Plexiform lesions are a hallmark of severe pulmonary arterial hypertension (PAH) and despite the development of novel therapeutics approaches, the prognosis of patients with PAH is relatively poor. Riociguat is a stimulator of soluble guanylate cyclase (sGC) which has a dual mode of action: it sensitizes sGC to the body’s own NO and can also increase sGC activity in the absence of NO, causing vasorelaxation, anti-proliferation and anti-fibrotic effects. This is thought to be important because the NO levels in the pulmonary circulation are decreased in patients with PAH.

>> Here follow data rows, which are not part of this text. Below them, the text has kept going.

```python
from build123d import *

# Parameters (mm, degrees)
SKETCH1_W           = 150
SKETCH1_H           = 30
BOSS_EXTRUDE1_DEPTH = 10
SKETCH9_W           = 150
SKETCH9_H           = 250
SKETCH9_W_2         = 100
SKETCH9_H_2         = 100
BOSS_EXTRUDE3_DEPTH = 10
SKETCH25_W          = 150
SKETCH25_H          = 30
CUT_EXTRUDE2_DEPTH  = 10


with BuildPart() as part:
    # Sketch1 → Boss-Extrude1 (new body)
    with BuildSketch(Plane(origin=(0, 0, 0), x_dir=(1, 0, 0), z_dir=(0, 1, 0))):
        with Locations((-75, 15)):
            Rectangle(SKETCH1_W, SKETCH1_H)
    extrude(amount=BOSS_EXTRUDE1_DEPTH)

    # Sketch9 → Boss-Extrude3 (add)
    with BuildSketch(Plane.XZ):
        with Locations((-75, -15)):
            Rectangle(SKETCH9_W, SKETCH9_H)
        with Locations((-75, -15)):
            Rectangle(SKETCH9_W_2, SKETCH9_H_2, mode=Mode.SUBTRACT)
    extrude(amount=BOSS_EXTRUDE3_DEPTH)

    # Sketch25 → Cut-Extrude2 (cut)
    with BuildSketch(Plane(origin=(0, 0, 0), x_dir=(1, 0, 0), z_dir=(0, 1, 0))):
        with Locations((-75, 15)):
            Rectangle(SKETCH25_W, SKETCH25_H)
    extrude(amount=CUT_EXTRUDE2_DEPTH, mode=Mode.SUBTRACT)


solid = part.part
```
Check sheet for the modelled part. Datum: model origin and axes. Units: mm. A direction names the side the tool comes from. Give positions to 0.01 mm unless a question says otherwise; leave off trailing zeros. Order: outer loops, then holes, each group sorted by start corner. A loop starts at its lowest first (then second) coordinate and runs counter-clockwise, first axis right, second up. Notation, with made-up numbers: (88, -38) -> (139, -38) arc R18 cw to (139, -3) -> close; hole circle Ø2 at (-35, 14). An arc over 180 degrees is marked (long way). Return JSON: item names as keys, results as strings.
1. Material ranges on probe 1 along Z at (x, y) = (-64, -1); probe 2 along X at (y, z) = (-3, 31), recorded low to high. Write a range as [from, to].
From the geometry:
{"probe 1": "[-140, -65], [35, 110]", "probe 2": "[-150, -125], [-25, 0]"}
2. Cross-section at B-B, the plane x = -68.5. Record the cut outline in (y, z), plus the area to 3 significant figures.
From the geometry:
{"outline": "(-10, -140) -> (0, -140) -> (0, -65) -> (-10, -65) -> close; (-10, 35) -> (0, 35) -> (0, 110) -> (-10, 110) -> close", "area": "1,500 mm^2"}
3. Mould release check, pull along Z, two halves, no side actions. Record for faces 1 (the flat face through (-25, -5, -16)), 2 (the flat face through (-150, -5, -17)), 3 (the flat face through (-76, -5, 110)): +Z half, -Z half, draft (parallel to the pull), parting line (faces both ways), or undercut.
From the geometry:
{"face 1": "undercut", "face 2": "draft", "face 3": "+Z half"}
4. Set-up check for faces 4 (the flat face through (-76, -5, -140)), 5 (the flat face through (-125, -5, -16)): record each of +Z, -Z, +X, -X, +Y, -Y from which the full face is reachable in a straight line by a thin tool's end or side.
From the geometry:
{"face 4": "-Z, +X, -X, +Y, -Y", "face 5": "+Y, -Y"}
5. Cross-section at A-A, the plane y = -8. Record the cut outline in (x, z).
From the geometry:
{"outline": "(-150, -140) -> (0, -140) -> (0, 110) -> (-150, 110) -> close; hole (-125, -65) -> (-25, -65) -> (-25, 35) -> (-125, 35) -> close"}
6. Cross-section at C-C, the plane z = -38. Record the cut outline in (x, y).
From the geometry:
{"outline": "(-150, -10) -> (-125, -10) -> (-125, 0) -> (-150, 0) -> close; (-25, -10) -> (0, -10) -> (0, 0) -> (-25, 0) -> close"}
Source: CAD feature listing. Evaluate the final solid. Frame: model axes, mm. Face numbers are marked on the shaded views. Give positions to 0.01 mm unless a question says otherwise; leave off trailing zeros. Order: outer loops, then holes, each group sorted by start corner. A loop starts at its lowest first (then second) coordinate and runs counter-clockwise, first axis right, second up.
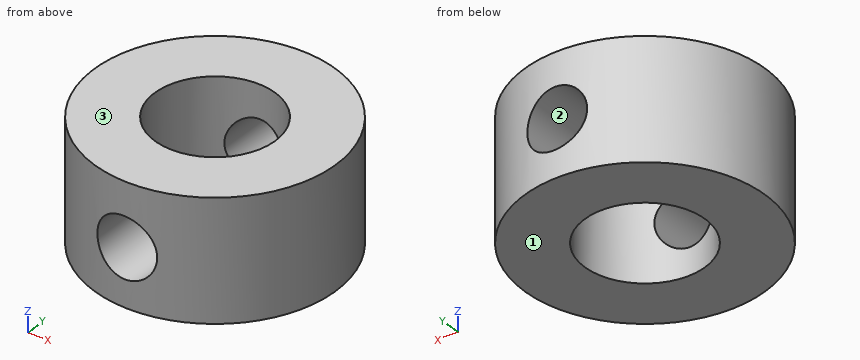
from build123d import *

# Parameters (mm, degrees)
F0_R     = 10
F1_DEPTH = 10
F2_R     = 5
F3_DEPTH = 25
F4_R     = 2.5
F5_DEPTH = 12.5


with BuildPart() as f1:
    # F0 (on Top) → F1 (new body)
    with BuildSketch(Plane.XY):
        Circle(F0_R)
    extrude(amount=F1_DEPTH)

    # F2 (on face) → F3 (cut)
    with BuildSketch(Plane.XY.offset(10)):
        Circle(F2_R)
    extrude(amount=-F3_DEPTH, mode=Mode.SUBTRACT)

    # F4 (on Front) → F5 (cut, symmetric)
    with BuildSketch(Plane.XZ):
        with Locations((0, 4.75)):
            Circle(F4_R)
    extrude(amount=F5_DEPTH, both=True, mode=Mode.SUBTRACT)


solid = f1.part
(1) Section B-B, the plane y = 0. Return loops of the section in (x, z).
(2) Section A-A, the plane x = 0. Return loops of the section in (y, z).
(3) Pin query (flat end, axial travel): pin 1 Ø6 at (x, z) = (0, 4.75) entering from -Y; pin 2 Ø3 at (x, z) = (0, 4.75) entering from -Y; pin 3 Ø1.5 at (x, z) = (-6.5, 5) entering from +Y. Return the tip coordinate at first contact, or that it passes through.
(4) Line query: line 1 along Z through (x, y) = (0, -7); line 2 along Y through (x, z) = (2, 8.5); line 3 along X through (y, z) = (-1, 4). Output: solid intervals per line, ascending.
(5) Section D-D, the plane x = 8.25. Return loops of the section in (y, z).
(6) Draft query along Z for the marked faces 1, 2 and 3. Return one class per face: +Z half, -Z half, draft (parallel to the pull), parting line (faces both ways), or undercut.
(7) Section C-C, the plane z = 5.5. Return loops of the section in (x, y), plus the area to 3 significant figures.
Checks:
1. outline: (-10, 0) - (-5, 0) - (-5, 10) - (-10, 10) - close; (5, 0) - (10, 0) - (10, 10) - (5, 10) - close
2. outline: (-10, 0) - (-5, 0) - (-5, 2.25) - (-10, 2.25) - close; (-10, 7.25) - (-5, 7.25) - (-5, 10) - (-10, 10) - close; (5, 0) - (10, 0) - (10, 2.25) - (5, 2.25) - close; (5, 7.25) - (10, 7.25) - (10, 10) - (5, 10) - close
3. pin 1: stops at y = -10
3. pin 2: passes through
3. pin 3: stops at y = 8.18
4. line 1: z = 0 to 2.25, 7.25 to 10
4. line 2: y = -9.8 to -4.58, 4.58 to 9.8
4. line 3: x = -9.95 to -4.9, 4.9 to 9.95
5. outline: (-5.65, 0) - (5.65, 0) - (5.65, 10) - (-5.65, 10) - close
6. face 1: -Z half
6. face 2: undercut
6. face 3: +Z half
7. outline: (-2.38, -9.71) - (-2.38, -4.39) arc R5 cw to (-2.38, 4.39) - (-2.38, 9.71) arc R10 ccw to start; (2.38, -9.71) arc R10 ccw to (2.38, 9.71) - (2.38, 4.39) arc R5 cw to (2.38, -4.39) - close
7. area: 187 mm2
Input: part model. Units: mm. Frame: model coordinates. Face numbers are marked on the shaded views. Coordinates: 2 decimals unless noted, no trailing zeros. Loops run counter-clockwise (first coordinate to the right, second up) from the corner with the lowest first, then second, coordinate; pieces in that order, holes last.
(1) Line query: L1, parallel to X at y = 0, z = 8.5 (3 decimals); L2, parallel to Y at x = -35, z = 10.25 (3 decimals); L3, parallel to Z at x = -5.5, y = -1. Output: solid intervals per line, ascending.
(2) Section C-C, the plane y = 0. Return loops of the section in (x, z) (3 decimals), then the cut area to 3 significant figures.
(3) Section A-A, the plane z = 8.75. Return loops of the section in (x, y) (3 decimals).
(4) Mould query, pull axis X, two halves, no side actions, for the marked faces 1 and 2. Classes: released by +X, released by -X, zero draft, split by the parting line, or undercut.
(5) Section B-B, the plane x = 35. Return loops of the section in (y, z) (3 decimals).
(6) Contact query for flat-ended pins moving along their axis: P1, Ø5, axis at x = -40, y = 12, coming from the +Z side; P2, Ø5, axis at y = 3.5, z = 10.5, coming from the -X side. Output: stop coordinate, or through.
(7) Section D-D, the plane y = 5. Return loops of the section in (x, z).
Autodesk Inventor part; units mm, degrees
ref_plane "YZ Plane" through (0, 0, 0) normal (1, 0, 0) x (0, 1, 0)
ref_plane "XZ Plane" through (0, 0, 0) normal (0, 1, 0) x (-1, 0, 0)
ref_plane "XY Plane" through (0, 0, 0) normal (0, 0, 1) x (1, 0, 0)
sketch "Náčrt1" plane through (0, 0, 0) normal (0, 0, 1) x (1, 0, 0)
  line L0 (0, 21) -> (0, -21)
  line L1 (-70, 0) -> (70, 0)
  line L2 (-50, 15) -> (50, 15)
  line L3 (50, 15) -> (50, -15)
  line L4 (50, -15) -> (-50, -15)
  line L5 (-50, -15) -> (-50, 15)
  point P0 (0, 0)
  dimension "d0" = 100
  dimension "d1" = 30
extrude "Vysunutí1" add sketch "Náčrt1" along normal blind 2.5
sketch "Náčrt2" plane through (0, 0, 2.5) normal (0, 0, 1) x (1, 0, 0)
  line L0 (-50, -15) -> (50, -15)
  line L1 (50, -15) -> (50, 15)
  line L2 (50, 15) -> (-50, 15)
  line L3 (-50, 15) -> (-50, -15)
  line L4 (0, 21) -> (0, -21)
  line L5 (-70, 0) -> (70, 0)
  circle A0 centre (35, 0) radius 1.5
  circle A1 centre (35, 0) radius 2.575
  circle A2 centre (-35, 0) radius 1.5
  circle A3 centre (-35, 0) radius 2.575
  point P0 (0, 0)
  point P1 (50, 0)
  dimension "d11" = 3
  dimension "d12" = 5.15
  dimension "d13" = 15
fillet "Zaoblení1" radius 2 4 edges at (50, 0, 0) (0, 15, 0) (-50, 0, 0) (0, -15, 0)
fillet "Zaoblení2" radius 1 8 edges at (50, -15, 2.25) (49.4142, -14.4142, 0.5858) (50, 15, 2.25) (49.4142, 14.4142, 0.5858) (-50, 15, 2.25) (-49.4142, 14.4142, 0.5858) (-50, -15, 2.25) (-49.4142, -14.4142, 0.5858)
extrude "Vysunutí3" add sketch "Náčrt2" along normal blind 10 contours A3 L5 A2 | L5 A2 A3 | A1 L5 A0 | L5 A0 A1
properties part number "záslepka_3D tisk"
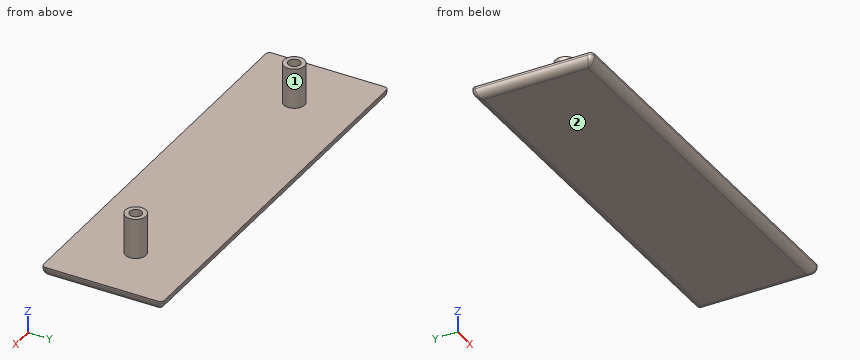
Report:
1. L1: x = -37.575 to -36.5, -33.5 to -32.425, 32.425 to 33.5, 36.5 to 37.575
1. L2: y = -2.575 to -1.5, 1.5 to 2.575
1. L3: z = 0 to 2.5
2. outline: (-50, 2) arc R2 ccw to (-48, 0) - (48, 0) arc R2 ccw to (50, 2) - (50, 2.5) - (37.575, 2.5) - (37.575, 12.5) - (36.5, 12.5) - (36.5, 2.5) - (33.5, 2.5) - (33.5, 12.5) - (32.425, 12.5) - (32.425, 2.5) - (-32.425, 2.5) - (-32.425, 12.5) - (-33.5, 12.5) - (-33.5, 2.5) - (-36.5, 2.5) - (-36.5, 12.5) - (-37.575, 12.5) - (-37.575, 2.5) - (-50, 2.5) - close
2. area: 291 mm2
3. outline: circle Ø5.15 at (-35, 0); circle Ø5.15 at (35, 0); hole circle Ø3 at (-35, 0); hole circle Ø3 at (35, 0)
4. face 1: undercut
4. face 2: zero draft
5. outline: (-15, 2) arc R2 ccw to (-13, 0) - (13, 0) arc R2 ccw to (15, 2) - (15, 2.5) - (2.575, 2.5) - (2.575, 12.5) - (1.5, 12.5) - (1.5, 2.5) - (-1.5, 2.5) - (-1.5, 12.5) - (-2.575, 12.5) - (-2.575, 2.5) - (-15, 2.5) - close
6. P1: stops at z = 2.5
6. P2: stops at x = -37.37
7. outline: (-50, 2) arc R2 ccw to (-48, 0) - (48, 0) arc R2 ccw to (50, 2) - (50, 2.5) - (-50, 2.5) - close
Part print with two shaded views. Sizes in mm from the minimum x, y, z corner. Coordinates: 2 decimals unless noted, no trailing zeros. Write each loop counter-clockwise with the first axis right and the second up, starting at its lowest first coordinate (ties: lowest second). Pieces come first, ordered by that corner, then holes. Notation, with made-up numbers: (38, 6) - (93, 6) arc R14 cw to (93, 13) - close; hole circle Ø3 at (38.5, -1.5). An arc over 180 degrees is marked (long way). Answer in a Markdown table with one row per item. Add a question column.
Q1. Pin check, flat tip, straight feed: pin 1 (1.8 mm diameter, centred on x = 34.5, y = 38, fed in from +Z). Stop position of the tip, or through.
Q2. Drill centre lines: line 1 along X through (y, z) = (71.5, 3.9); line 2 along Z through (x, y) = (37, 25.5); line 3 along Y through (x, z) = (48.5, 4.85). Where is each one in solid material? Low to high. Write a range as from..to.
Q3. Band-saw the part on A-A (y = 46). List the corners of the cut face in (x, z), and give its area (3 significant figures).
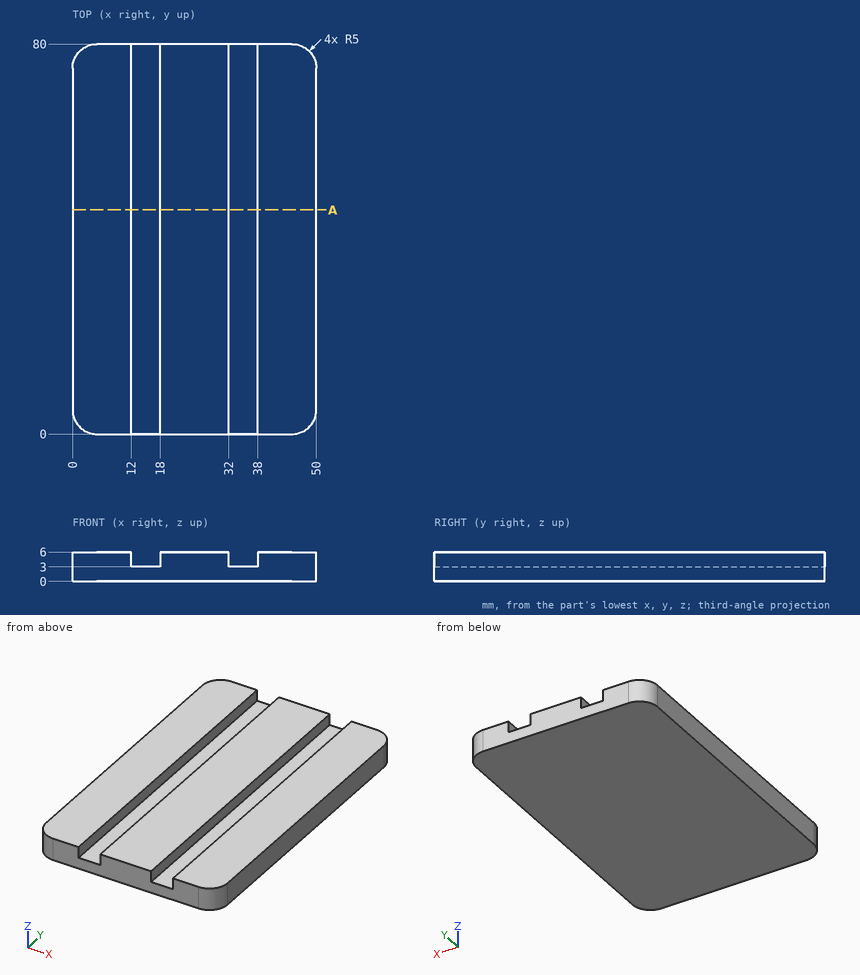
Checked values:
| question | item | result |
|---|---|---|
| 1 | pin 1 | stops at z = 3 |
| 2 | line 1 | x = 0..12, 18..32, 38..50 |
| 2 | line 2 | z = 0..3 |
| 2 | line 3 | y = 1.43..78.57 |
| 3 | outline | (0, 0) - (50, 0) - (50, 6) - (38, 6) - (38, 3) - (32, 3) - (32, 6) - (18, 6) - (18, 3) - (12, 3) - (12, 6) - (0, 6) - close |
| 3 | area | 264 mm² |
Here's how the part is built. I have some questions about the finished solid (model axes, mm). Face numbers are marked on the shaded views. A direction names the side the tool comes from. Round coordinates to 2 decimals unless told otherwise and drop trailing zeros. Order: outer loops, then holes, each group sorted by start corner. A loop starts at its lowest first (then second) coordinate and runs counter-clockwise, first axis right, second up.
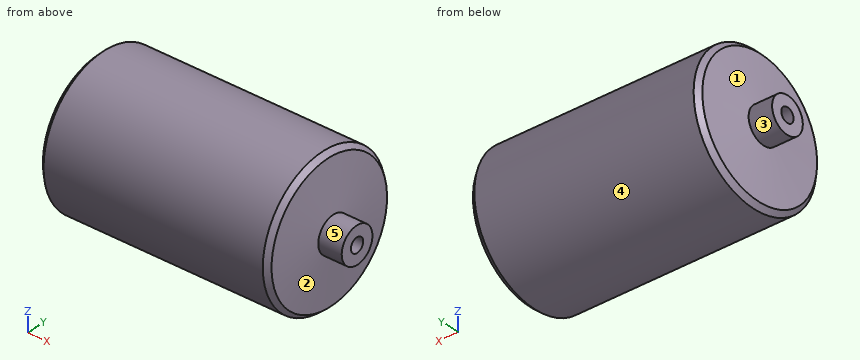
```python
from build123d import *
from OCP.BRepFilletAPI import BRepFilletAPI_MakeChamfer

# Parameters (mm, degrees)
CHAMFER1_SIZE              = 3
CHAMFER1_SIZE2             = 3.300188603
F_10_0MM_DOWEL_HOLE1_D     = 10
F_10_0MM_DOWEL_HOLE1_DEPTH = 59
F_10_0MM_DOWEL_HOLE1_TIP   = 3.004303095
F_10_0MM_DOWEL_HOLE2_D     = 10
F_10_0MM_DOWEL_HOLE2_DEPTH = 59
F_10_0MM_DOWEL_HOLE2_TIP   = 3.004303095


with BuildPart() as part:
    # Sketch1 → Revolve1 (revolve)
    with BuildSketch(Plane.XY, mode=Mode.PRIVATE) as revolve1_sk:
        Polygon((-96.096096096, 28.340840841), (103.903903904, 28.340840841), (103.903903904, 40.840840841), (87.403903904, 40.840840841), (84.123079022, 78.340840841), (-76.315271214, 78.340840841), (-79.596096096, 40.840840841), (-96.096096096, 40.840840841), align=None)
    revolve(revolve1_sk.sketch.rotate(Axis((-96.096096096, 28.340840841, 0), (1, 0, 0)), 90), axis=Axis((-96.096096096, 28.340840841, 0), (1, 0, 0)))

    # Chamfer1: one chamfer whose edges measure the first distance from different faces: ONE call of the kernel's chamfer builder (chamfer() names one face for all edges)
    chamfer1_edges_1 = [part.edges().sort_by_distance(p)[0] for p in [
        (-76.315271214, 28.340840841, -50),
    ]]
    chamfer1_side_1 = [part.faces().sort_by_distance(p)[0] for p in [
        (3.903903904, 28.340840841, -50),
    ]]
    chamfer1_edges_2 = [part.edges().sort_by_distance(p)[0] for p in [
        (84.123079022, 28.340840841, -50),
    ]]
    chamfer1_side_2 = [part.faces().sort_by_distance(p)[0] for p in [
        (85.763491463, 28.340840841, -31.25),
    ]]
    chamfer1 = BRepFilletAPI_MakeChamfer(part.part.solid().wrapped)
    for e in chamfer1_edges_1:
        chamfer1.Add(CHAMFER1_SIZE, CHAMFER1_SIZE2, e.wrapped, chamfer1_side_1[0].wrapped)  # the first distance lies on this face
    for e in chamfer1_edges_2:
        chamfer1.Add(CHAMFER1_SIZE, CHAMFER1_SIZE2, e.wrapped, chamfer1_side_2[0].wrapped)  # the first distance lies on this face
    add(Compound.cast(chamfer1.Shape()), mode=Mode.REPLACE)

    # 10.0mm Dowel Hole1
    with Locations(Plane(origin=(103.903903904, 0, 0), x_dir=(0, 0, -1), z_dir=(1, 0, 0))):
        with Locations((0, 28.340840841)):
            Hole(F_10_0MM_DOWEL_HOLE1_D / 2, depth=F_10_0MM_DOWEL_HOLE1_DEPTH)
            with Locations((0, 0, -(F_10_0MM_DOWEL_HOLE1_DEPTH + F_10_0MM_DOWEL_HOLE1_TIP / 2))):  # 118° drill point
                Cone(0, F_10_0MM_DOWEL_HOLE1_D / 2, F_10_0MM_DOWEL_HOLE1_TIP, mode=Mode.SUBTRACT)

    # 10.0mm Dowel Hole2
    with Locations(Plane.ZY.offset(96.096096096)):
        with Locations((0, 28.340840841)):
            Hole(F_10_0MM_DOWEL_HOLE2_D / 2, depth=F_10_0MM_DOWEL_HOLE2_DEPTH)
            with Locations((0, 0, -(F_10_0MM_DOWEL_HOLE2_DEPTH + F_10_0MM_DOWEL_HOLE2_TIP / 2))):  # 118° drill point
                Cone(0, F_10_0MM_DOWEL_HOLE2_D / 2, F_10_0MM_DOWEL_HOLE2_TIP, mode=Mode.SUBTRACT)


solid = part.part
```
1. If we section it at A-A, the plane x = -61.5: Write out the boundary of the cut face in (y, z).
Evaluation:
outline: circle Ø100 at (28.34, 0); hole circle Ø10 at (28.34, 0)
2. On a 3-axis mill with a long thin cutter (end or side, diameter ignored), from which of +Z, -Z, +X, -X, +Y, -Y can I reach the whole of each face in a straight line? I mean the marked faces 4 and 5. Say none if no direction works.
Evaluation:
face 4: +X, -X
face 5: +X
3. I'm going to push flat-ended pins straight in: P1, Ø8, axis at y = 28.34, z = 0, coming from the +X side; P2, Ø1, axis at x = 30, y = -9, coming from the -Z side; P3, Ø5, axis at x = 36.5, y = 62.5, coming from the +Z side; P4, Ø4, axis at x = 1, y = 29, coming from the -Z side. Where does each tip first touch, or does it pass through?
Evaluation:
P1: stops at x = 44.3
P2: stops at z = -33.8
P3: stops at z = 38.7
P4: stops at z = -50
4. I need wall thicknesses on probe 1 along Y at (x, z) = (-81, 0); probe 2 along Y at (x, z) = (81, 0); probe 3 along Z at (x, y) = (-42, 11). Which ranges of each line are inside material? Lowest first, please.
Evaluation:
probe 1: y = 15.84 to 23.34, 33.34 to 40.84
probe 2: y = -21.51 to 23.34, 33.34 to 78.19
probe 3: z = -46.9 to 46.9
5. If we mould it in two halves opening along X, with no side actions, what happens to the marked faces 1, 2 and 3? For each: released by +X, released by -X, zero draft, split by the parting line, or undercut.
Evaluation:
face 1: released by -X
face 2: released by +X
face 3: zero draft
6. If we section it at B-B, the plane x = -32: Write out the boundary of the cut face in (y, z), and give its area (3 significant figures).
Evaluation:
outline: circle Ø100 at (28.34, 0)
area: 7,850 mm2
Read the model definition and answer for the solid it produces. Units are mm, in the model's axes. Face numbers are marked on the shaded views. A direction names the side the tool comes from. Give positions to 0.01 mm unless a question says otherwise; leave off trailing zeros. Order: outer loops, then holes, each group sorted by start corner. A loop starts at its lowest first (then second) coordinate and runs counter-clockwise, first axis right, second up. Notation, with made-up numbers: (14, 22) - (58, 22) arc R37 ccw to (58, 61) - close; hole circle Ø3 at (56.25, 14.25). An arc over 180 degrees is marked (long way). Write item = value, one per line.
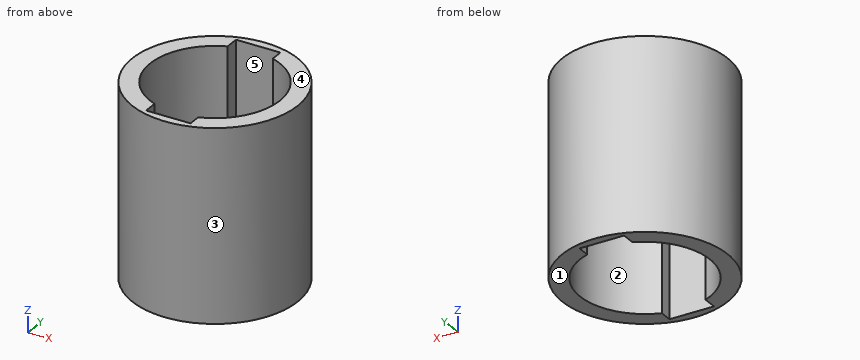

The aim of the study was to investigate the effects of riociguat as compared to the PDE5 inhibitor sildenafil on pulmonary vascular remodeling in severe experimental PH.

Methods

Angioproliferative pulmonary hypertension was induced in rats by combined exposure to the vascular endothelial growth factor-receptor (VEGFr) antagonist SU5416 and hypoxia at 10%O2 (SU+HOX). Twenty-one days after SU+HOX, rats were randomized for oral treatment with riociguat (10 mg/kg BW/day), sildenafil (50 mg/kg BW/day) or vehicle for the next 14 days. Right ventricular internal diameter (RVID), tricuspid annular plane systolic excursion (TAPSE) and myocardial performance index (MPI) were measured by echocardiography (VEVO770, Visualsonics). Hemodynamic parameters were measured invasively at day 35. Pulmonary vascular remodeling was assessed by histomorphometric analysis of the degree of muscularization of small pulmonary arteries.

Results

In rats with established PH, right ventricular systolic pressure (RVSP) was significantly decreased by treatment with riociguat to 73±4 mmHg (p=0.01) and sildenafil to 80±3 mmHg (p<0.05) as compared to placebo (89±3 mmHg). Riociguat, but not sildenafil markedly increased cardiac output (CO) to 60±5 ml/min (p<0.01) as compared with placebo (31±3 ml/min). Both, riociguat and sildenafil significantly decreased total pulmonary resistance index (p<0.001). Importantly, no significant difference in systemic arterial pressure (SAP) was detected between placebo and treated animals. These positive hemodynamic responses to riociguat and sildenafil were associated with partial reversal of structural remodeling of the lung vasculature. Additionally riociguat significantly reduced the proportion of occluded arteries and increased proportion of opened arteries and significantly decreased the neointima/media ratio. In addition, riociguat significantly decreased ratio of RV to LV+S to 0.55±0.29 as compared to placebo (0.76±0.02, p<0.001) and sildenafil treated animals (0.66±0.29, p<0.01). Moreover, riociguat improved RV function by normalization of TAPSE as compared to placebo (p<0.001) and sildenafil (p<0.05). Both compounds improved MPI measured by tissue Doppler imaging (p<0.001).

Conclusion

We demonstrated that riociguat effectively suppresses pulmonary vascular remodeling and significantly improves RV function, measured via a range of invasive and non-invasive cardiopulmonary endpoints in an experimental model of severe PAH.